> **YOUR GOAL**
Only lines containing "spaces" belong in the answer, each copied from the entries below.

> **DATA PROVIDED**
○ ○ ○ ○
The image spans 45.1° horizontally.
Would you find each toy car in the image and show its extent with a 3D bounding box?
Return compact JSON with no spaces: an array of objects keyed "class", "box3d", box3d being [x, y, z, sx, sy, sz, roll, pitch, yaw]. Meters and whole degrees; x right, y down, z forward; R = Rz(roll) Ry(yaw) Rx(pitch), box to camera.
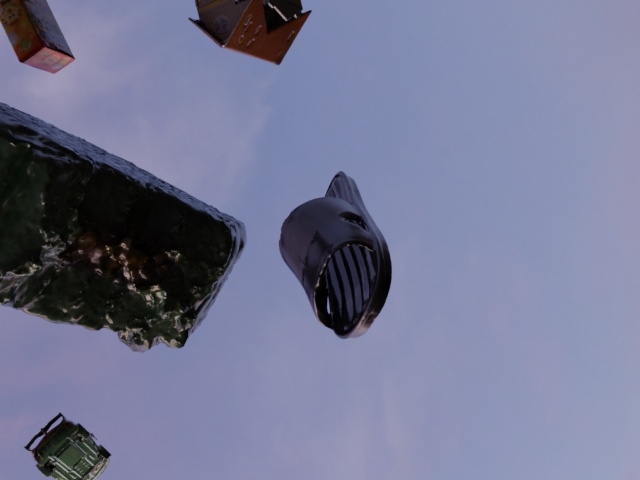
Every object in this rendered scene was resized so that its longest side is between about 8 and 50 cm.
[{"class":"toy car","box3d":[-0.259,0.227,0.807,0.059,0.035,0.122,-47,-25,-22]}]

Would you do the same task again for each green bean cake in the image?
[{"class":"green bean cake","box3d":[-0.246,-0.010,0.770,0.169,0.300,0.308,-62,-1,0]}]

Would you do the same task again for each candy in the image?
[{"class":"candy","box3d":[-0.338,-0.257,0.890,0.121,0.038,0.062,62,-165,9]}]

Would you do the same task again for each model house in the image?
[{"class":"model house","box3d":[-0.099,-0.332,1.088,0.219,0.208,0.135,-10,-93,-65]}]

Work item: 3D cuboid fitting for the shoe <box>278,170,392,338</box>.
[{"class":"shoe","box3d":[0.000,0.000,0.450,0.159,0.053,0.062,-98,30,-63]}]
○ ○ ○ ○
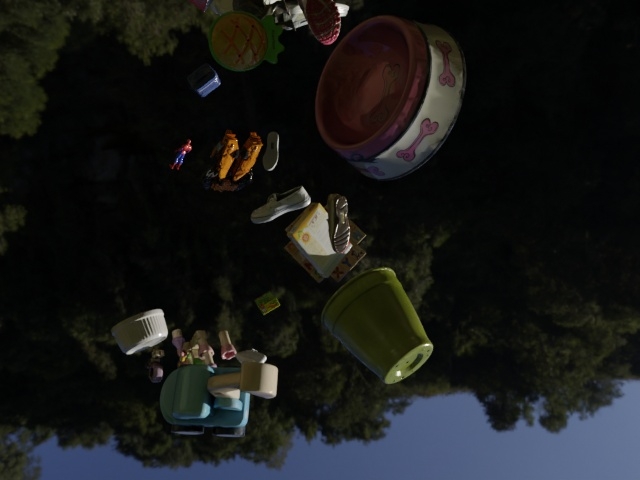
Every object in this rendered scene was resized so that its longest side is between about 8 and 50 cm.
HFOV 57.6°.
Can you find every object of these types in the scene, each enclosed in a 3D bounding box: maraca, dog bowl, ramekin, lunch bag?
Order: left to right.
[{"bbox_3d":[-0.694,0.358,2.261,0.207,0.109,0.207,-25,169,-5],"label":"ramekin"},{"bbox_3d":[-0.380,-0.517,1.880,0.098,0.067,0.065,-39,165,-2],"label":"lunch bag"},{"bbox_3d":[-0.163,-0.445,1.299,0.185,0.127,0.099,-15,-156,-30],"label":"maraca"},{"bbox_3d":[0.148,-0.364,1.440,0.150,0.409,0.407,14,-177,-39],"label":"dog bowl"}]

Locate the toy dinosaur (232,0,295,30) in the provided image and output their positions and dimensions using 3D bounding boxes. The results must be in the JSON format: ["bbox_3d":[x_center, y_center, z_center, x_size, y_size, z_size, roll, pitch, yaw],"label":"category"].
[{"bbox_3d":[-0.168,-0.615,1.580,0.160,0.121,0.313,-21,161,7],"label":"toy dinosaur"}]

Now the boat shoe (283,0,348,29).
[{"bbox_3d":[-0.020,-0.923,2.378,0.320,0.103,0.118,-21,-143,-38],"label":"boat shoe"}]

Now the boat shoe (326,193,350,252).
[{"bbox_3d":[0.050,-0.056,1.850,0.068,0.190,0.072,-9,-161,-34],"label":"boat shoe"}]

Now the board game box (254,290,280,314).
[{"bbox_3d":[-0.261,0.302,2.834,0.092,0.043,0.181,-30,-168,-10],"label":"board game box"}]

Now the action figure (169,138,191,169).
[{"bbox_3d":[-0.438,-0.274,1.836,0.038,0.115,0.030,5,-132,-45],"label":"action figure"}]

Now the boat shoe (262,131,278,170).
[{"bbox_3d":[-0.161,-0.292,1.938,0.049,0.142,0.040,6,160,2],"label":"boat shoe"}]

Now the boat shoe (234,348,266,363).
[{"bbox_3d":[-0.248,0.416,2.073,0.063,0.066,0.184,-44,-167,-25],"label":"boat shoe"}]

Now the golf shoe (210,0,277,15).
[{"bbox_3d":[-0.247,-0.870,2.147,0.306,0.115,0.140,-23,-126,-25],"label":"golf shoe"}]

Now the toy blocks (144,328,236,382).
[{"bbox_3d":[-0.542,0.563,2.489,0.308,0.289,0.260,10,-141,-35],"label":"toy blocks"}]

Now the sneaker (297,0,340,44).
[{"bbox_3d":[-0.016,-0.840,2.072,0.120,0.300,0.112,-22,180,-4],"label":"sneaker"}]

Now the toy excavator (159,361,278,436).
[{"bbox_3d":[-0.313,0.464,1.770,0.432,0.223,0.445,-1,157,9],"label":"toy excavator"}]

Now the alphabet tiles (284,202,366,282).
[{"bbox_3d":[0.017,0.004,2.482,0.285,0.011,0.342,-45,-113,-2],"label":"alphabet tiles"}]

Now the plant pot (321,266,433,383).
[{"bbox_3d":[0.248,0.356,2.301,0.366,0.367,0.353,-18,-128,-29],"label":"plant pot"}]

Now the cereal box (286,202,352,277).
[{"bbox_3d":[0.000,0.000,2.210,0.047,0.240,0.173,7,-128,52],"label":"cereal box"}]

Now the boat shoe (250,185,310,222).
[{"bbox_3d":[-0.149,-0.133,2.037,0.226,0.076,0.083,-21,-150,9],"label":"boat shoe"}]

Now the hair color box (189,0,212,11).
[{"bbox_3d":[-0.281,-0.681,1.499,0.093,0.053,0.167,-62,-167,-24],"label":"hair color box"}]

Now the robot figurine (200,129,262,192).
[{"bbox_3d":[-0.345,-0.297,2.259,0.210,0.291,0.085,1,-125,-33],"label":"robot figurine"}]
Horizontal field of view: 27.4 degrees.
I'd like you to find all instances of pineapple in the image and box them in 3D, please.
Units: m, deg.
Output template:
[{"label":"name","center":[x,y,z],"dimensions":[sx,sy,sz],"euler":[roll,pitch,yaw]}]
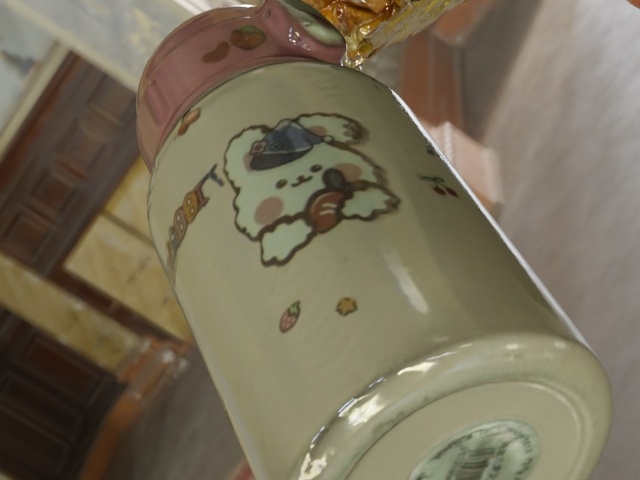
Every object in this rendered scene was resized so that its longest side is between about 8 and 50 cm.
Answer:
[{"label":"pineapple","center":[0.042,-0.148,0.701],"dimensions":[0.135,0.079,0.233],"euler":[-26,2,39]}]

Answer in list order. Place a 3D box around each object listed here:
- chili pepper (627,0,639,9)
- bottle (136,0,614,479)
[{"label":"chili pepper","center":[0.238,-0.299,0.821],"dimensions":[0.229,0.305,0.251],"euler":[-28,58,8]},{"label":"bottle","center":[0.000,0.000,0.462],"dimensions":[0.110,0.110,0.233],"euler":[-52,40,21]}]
○ ○ ○ ○
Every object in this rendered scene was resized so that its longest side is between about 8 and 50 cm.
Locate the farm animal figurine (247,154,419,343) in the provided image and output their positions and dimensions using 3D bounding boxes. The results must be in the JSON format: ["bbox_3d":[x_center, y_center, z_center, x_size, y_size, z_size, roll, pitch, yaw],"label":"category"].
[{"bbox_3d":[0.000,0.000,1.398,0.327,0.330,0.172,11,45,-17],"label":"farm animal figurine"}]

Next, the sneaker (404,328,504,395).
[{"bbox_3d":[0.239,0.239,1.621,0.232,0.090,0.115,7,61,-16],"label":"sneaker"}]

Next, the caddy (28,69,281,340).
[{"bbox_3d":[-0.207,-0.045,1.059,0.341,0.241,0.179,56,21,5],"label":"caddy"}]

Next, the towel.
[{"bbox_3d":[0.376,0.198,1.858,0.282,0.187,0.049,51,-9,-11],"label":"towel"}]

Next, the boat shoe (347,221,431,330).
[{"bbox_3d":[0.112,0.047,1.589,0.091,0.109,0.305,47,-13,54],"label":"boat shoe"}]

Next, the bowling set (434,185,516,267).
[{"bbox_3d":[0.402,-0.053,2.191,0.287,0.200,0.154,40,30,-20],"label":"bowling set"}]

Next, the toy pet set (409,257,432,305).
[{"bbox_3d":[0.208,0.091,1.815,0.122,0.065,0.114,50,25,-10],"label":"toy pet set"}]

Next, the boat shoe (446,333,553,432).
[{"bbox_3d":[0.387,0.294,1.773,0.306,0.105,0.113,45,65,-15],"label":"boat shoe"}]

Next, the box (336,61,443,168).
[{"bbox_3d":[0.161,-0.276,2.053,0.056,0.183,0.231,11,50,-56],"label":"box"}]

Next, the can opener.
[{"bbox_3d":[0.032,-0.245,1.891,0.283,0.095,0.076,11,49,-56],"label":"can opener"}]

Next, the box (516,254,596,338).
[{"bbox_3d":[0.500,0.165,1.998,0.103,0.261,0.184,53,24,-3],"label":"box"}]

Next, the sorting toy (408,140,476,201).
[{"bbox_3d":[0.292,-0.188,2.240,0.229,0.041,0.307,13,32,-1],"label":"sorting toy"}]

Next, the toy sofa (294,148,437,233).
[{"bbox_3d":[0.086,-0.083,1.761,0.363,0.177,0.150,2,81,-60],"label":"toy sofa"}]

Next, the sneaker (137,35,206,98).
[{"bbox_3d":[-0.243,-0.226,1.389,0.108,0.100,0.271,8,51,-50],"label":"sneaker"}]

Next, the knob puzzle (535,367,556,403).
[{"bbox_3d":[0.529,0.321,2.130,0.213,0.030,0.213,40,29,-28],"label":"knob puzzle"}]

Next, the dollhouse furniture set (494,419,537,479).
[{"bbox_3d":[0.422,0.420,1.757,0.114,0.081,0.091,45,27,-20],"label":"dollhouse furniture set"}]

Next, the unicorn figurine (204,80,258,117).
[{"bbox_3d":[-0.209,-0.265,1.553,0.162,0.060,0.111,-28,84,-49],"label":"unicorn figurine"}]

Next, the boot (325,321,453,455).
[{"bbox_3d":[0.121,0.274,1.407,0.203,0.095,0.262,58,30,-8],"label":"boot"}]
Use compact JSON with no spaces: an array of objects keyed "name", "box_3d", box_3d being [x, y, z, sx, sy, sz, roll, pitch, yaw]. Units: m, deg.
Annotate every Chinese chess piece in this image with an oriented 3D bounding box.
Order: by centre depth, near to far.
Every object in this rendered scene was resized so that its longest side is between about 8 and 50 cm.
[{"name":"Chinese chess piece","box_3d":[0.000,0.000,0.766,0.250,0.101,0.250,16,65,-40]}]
○ ○ ○ ○
> **EXERCISE SOLUTION**
Return compact JSON with no spaces: an array of objects keyed "class", "box3d", box3d being [x, y, z, sx, sy, sz, roll, pitch, yaw]. Meters and whole degrees; x right, y down, z forward; R = Rz(roll) Ry(yaw) Rx(pitch), box to camera.
Use compact JSON with no spaces: an array of objects keyed "name", "box_3d", box_3d being [x, y, z, sx, sy, sz, roll, pitch, yaw]. Units: m, deg.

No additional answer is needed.